### DATA SECTION
=== Begin Enclosure ===

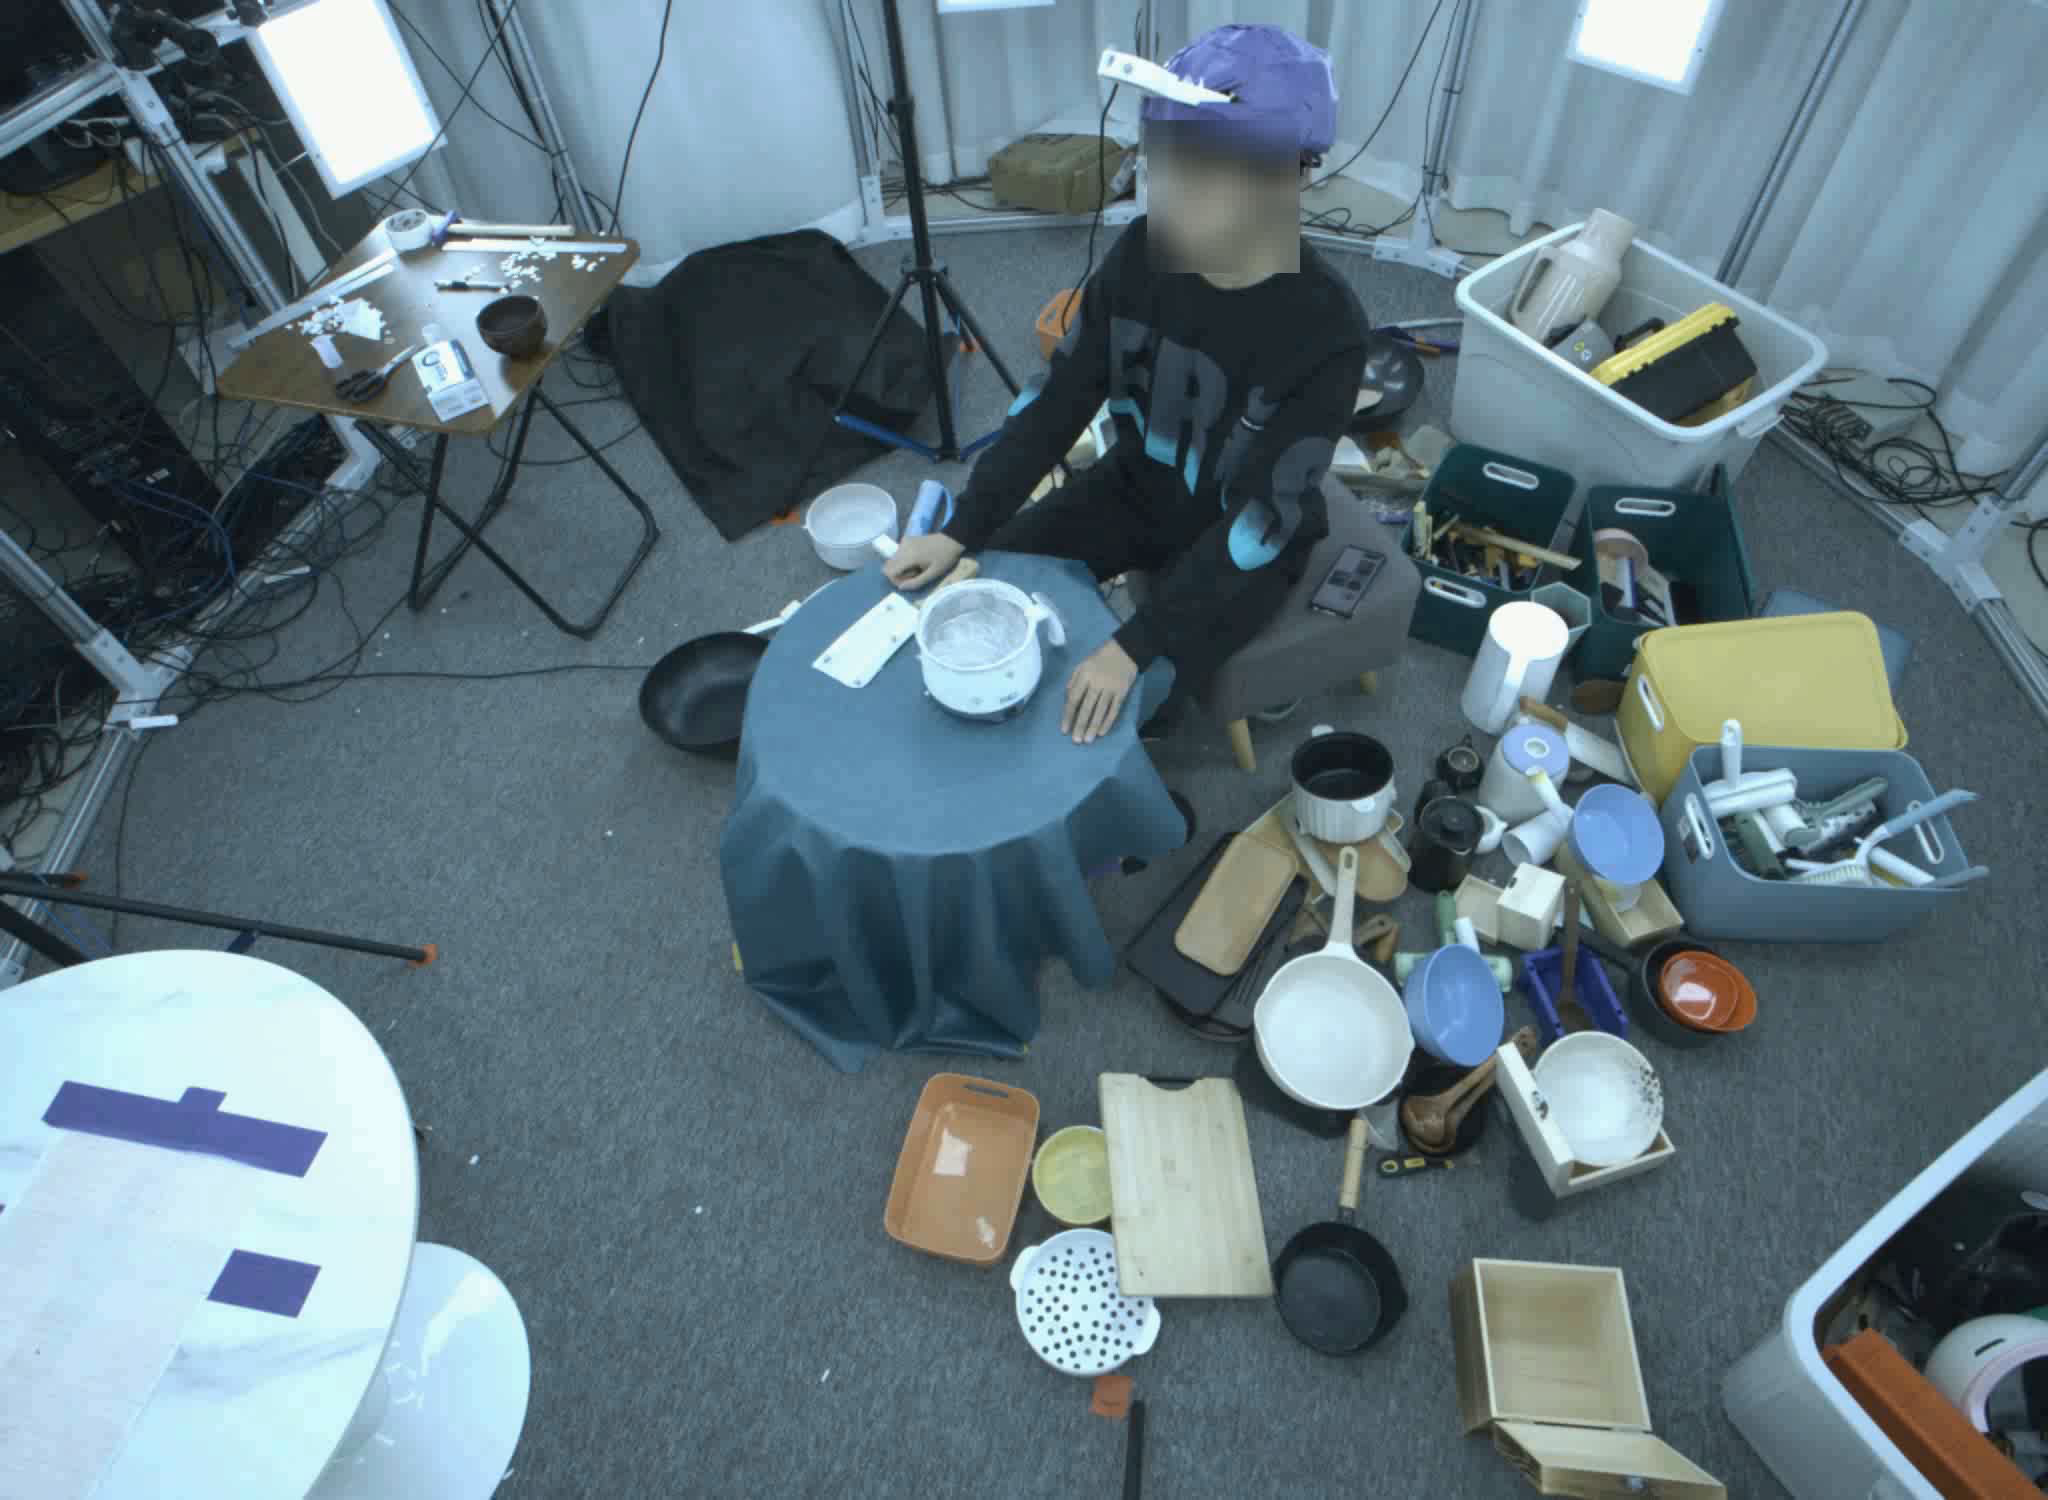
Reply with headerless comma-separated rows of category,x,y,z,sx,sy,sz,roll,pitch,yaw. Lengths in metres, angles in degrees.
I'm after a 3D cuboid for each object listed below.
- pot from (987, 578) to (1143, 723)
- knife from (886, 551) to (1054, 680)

=== End Enclosure ===

### WORK REQUIRED
Whenever the string "from" shows up on a line of the listing, copy that line.

### EXPECTED ANSWER
- pot from (987, 578) to (1143, 723)
- knife from (886, 551) to (1054, 680)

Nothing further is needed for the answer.